The entire process is governed by changing gene expression patterns of transcription factors (see sect. VIII) such as Pax-2, of secreted signaling factors such as wnt-4, and of protooncogenes such as c-ret. Through the transfer of techniques from Drosophila to mouse and to human, some of the genes critical in mammalian development have been identified. These genes are part of complex programs that induce and control sequential morphogenetic and differentiation events, i.e., the stages of kidney ontogenesis.

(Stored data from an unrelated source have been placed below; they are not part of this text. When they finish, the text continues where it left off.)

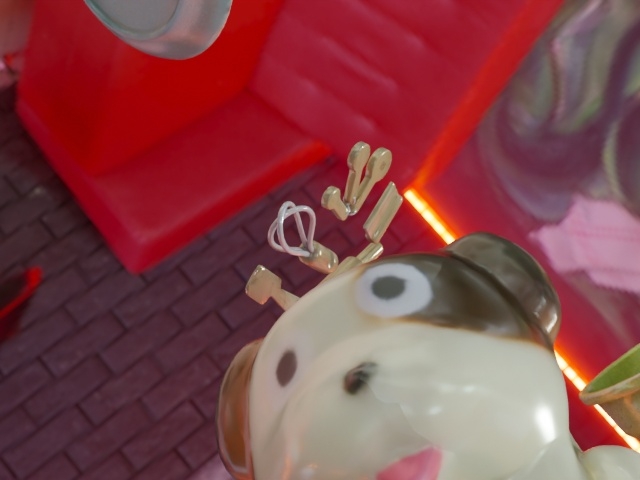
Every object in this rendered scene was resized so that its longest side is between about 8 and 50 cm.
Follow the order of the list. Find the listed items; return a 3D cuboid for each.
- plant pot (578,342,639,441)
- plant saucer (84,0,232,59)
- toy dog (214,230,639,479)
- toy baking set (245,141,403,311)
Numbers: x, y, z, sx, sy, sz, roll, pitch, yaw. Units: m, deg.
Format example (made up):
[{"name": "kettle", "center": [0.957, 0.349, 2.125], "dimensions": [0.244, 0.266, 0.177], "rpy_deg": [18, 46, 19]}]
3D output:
[{"name": "plant pot", "center": [0.417, 0.172, 1.244], "dimensions": [0.276, 0.254, 0.276], "rpy_deg": [-32, 174, -4]}, {"name": "plant saucer", "center": [-0.210, -0.345, 1.517], "dimensions": [0.044, 0.317, 0.317], "rpy_deg": [-28, 163, -36]}, {"name": "toy dog", "center": [0.113, 0.195, 0.845], "dimensions": [0.285, 0.407, 0.395], "rpy_deg": [-26, -173, 19]}, {"name": "toy baking set", "center": [0.001, 0.004, 1.417], "dimensions": [0.256, 0.030, 0.196], "rpy_deg": [-46, 148, -31]}]

To analyze the programs and their downstream effects during embryonic nephrogenesis, a wide spectrum of techniques is increasingly applied at the individual cell level. Single determinants of renal morphogenesis and of epithelial differentiation, uncovered through these techniques, have been presented in a number of excellent in-depth reviews, specifically on MET (16), conversion of mesenchyme to epithelium (66), growth factors (93), renal stem cells (100), gene targeting (147), signaling molecules (201), the transcription factor WT-1 (215), and basement membrane molecules (270).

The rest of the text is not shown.